In contrast to the ‘reverse genetics’ strategies above, which create mutants in predicted immunological genes using a bottom-up strategy, perhaps the greatest contribution made to immunology by the genome sequence lies in facilitating ‘forward genetics’ approaches. These start with an altered immunological trait and proceed from the top down to identify the causative gene. The trait may be a difference between strains of mice or a difference in human families. Research efforts can be focused on genes with key roles in immunological processes, regardless of sequence or expression pattern. A clear example is the identification of the mutated gene, AIRE, responsible for a mendelian syndrome of endocrine autoimmunity and candida infections (APECED)13,14. The genome sequence allowed identification of candidate genes within the chromosomal interval to which the APECED mutation had been mapped. Resequencing of these candidates from affected individuals revealed the mutant AIRE gene. Our experience is that public genome databases have not quite reached the goal of laying out all candidate genes between two markers. Using a test search for an interval on chromosome 21, not all known markers could be located on the chromosome map, and there were gaps in gene annotation (see Supplementary Information).

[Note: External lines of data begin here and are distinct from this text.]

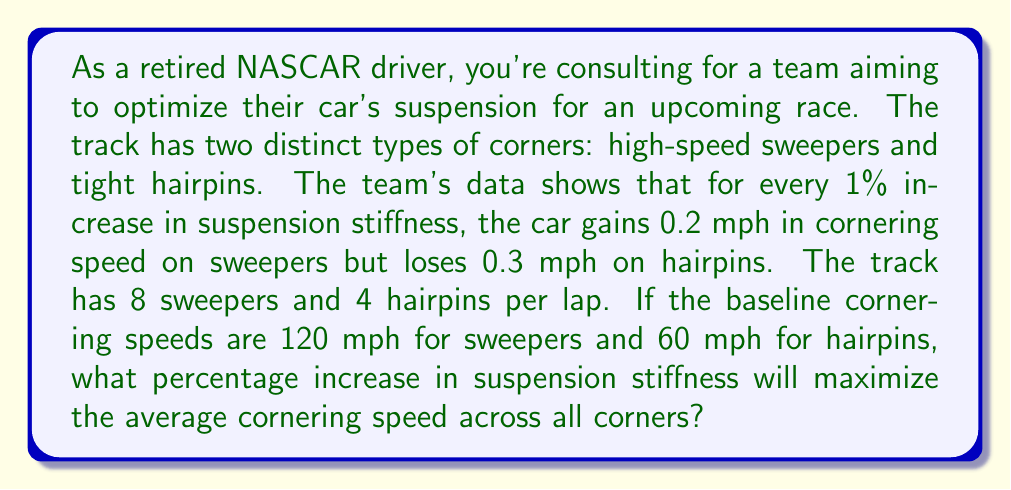Help me with this question. Let's approach this step-by-step:

1) Let $x$ be the percentage increase in suspension stiffness.

2) For sweepers:
   - Speed increase = $0.2x$ mph
   - New speed = $120 + 0.2x$ mph

3) For hairpins:
   - Speed decrease = $0.3x$ mph
   - New speed = $60 - 0.3x$ mph

4) To find the average cornering speed, we need to consider the number of each type of corner:
   $$\text{Average Speed} = \frac{8(120 + 0.2x) + 4(60 - 0.3x)}{12}$$

5) Simplify:
   $$\text{Average Speed} = \frac{960 + 1.6x + 240 - 1.2x}{12} = \frac{1200 + 0.4x}{12} = 100 + \frac{x}{30}$$

6) To maximize this, we need to find where its derivative equals zero:
   $$\frac{d}{dx}(100 + \frac{x}{30}) = \frac{1}{30}$$

7) The derivative is constant and positive, meaning the function always increases as $x$ increases.

8) However, we can't increase stiffness indefinitely. We need to consider the practical limits:
   - For sweepers: $120 + 0.2x > 0$
   - For hairpins: $60 - 0.3x > 0$

9) The hairpin condition is more restrictive:
   $$60 - 0.3x > 0$$
   $$-0.3x > -60$$
   $$x < 200$$

10) Therefore, the maximum average speed is achieved at the highest practical stiffness increase, which is just under 200%.
Answer: The optimal suspension stiffness increase is 199.99%, or practically 200%. 
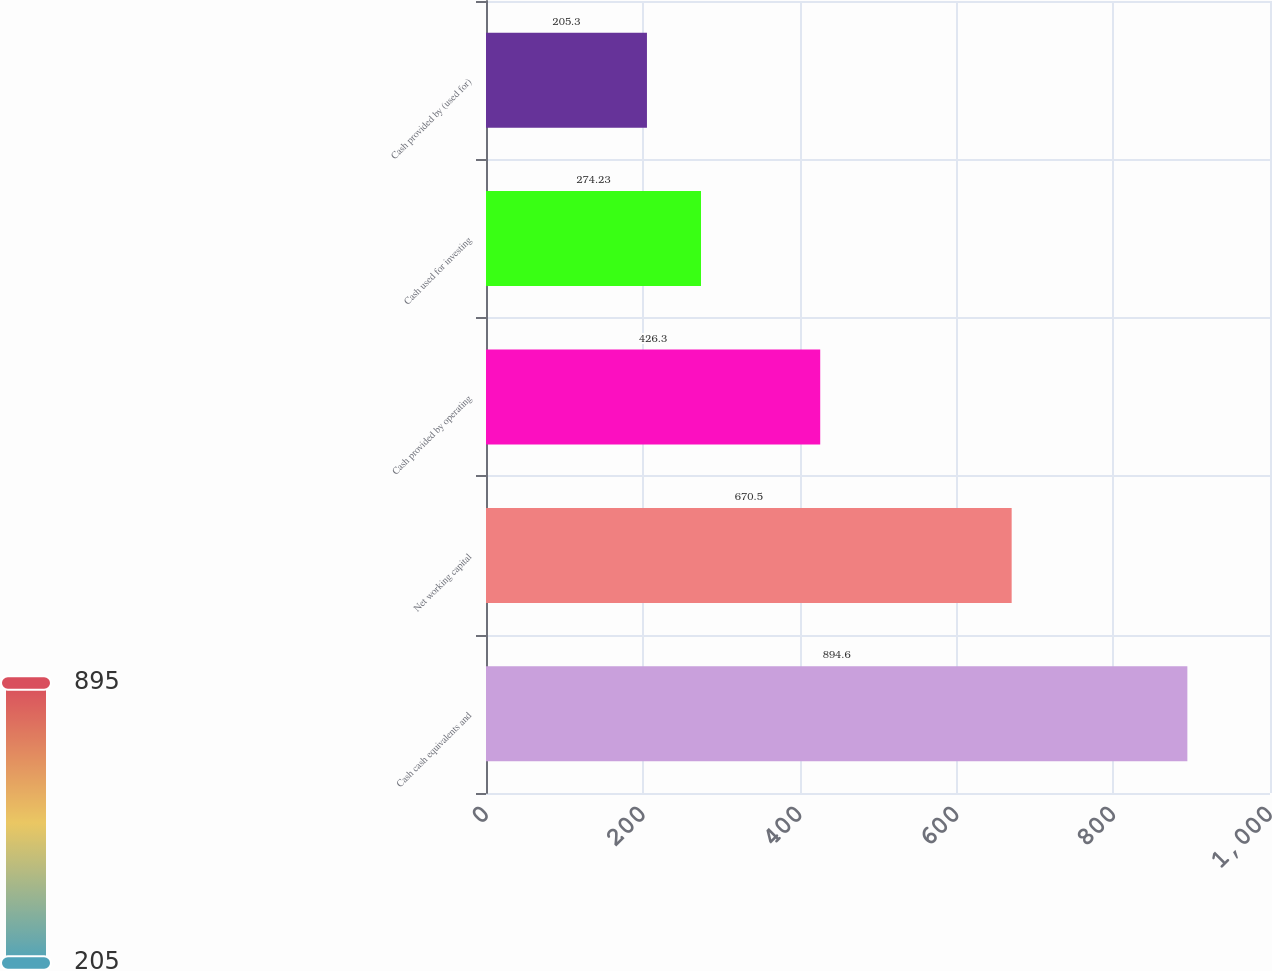Convert chart. <chart><loc_0><loc_0><loc_500><loc_500><bar_chart><fcel>Cash cash equivalents and<fcel>Net working capital<fcel>Cash provided by operating<fcel>Cash used for investing<fcel>Cash provided by (used for)<nl><fcel>894.6<fcel>670.5<fcel>426.3<fcel>274.23<fcel>205.3<nl></chart>

With the mouse genome sequence to be completed in 2001, phenotype-driven gene identification strategies can now be performed on a large scale by genome-wide mutagenesis in the mouse. Use of the supermutagen ethylnitrosourea (ENU) to induce point mutations in a large fraction of genes, coupled with sensitive screens for immunological traits, is allowing identification of many key regulators of the immune system15,16.

The complete list of parts provided by the human genome sequence will, on its own, not solve the major questions facing immunologists. Rather, it will form the basis of experiments designed to understand how the parts fit together to control immune responses.